Mais tarde, depois que o padrasto saiu para ver qualquer coisa na cidade, Elisa disse-me que naquele dia Homero tinha previsto outra desgraça e que devido a essa previsão a tragédia não se concretizara. De automóvel, vinham da cidade vizinha, onde tinham feito compras, Damião Fausto e a senhora Wander, trazendo Homero com eles. A poucos quilômetros de Mirante Norte, Homero despencara a chorar, enquanto gritava algo como:
- Pobrezinha da mamãe, pobrezinha da mamãe... ônibus mal, ônibus mal...

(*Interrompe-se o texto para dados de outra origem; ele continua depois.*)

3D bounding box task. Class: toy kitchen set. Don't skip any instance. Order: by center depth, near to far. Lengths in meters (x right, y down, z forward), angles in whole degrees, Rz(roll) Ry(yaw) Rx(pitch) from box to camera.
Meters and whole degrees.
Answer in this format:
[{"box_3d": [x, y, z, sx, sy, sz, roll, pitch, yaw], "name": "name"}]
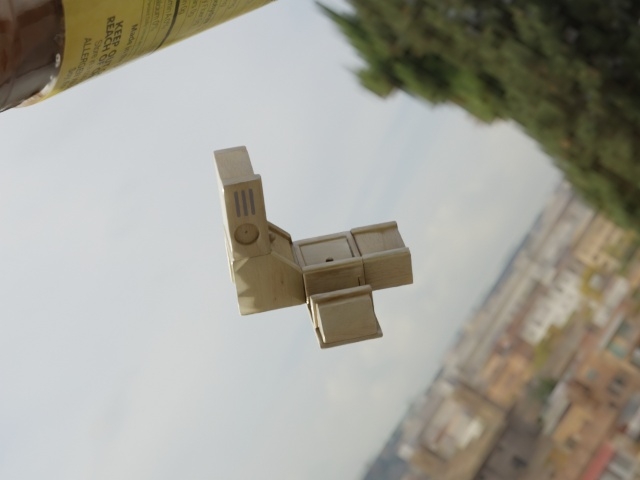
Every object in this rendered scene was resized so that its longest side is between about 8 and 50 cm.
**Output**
[{"box_3d": [0.000, 0.000, 0.848, 0.068, 0.083, 0.075, -110, 11, -56], "name": "toy kitchen set"}]

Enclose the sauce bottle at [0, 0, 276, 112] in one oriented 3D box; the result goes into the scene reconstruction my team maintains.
[{"box_3d": [-0.036, -0.152, 0.768, 0.344, 0.111, 0.111, -31, -22, -38], "name": "sauce bottle"}]

Com os olhos encharcados, Elisa contou-me que a cada palavra, Homero acariciava os cabelos da mãe, sob forte comoção. Nisso, Damião Fausto divisou vindo pela pista contrária um ônibus intermunicipal. Como soubesse de acontecimentos anteriores, inclusive o último, relacionado à sogra, freou o quanto pôde o automóvel e conseguiu acessar uma estrada de terra que ligava a rodovia a uma entrada de fazenda. Mal concluiu a manobra e ouviu o estouro causado por um dos pneus do ônibus, que se desgovernou e invadiu a pista contrária. Pelos cálculos de Damião Fausto, o motorista levou ao menos trezentos metros para retomar o controle do ônibus e parar no acostamento.
- Papai nos disse que se não tivesse saído da estrada, o ônibus teria passado por cima do nosso carro.
Elisa e o irmão chamavam Damião Fausto de “Papai”. E acho que naquele dia, “Papai” convenceu-se de que poderia tirar proveito de Homero também para se dar bem na vida.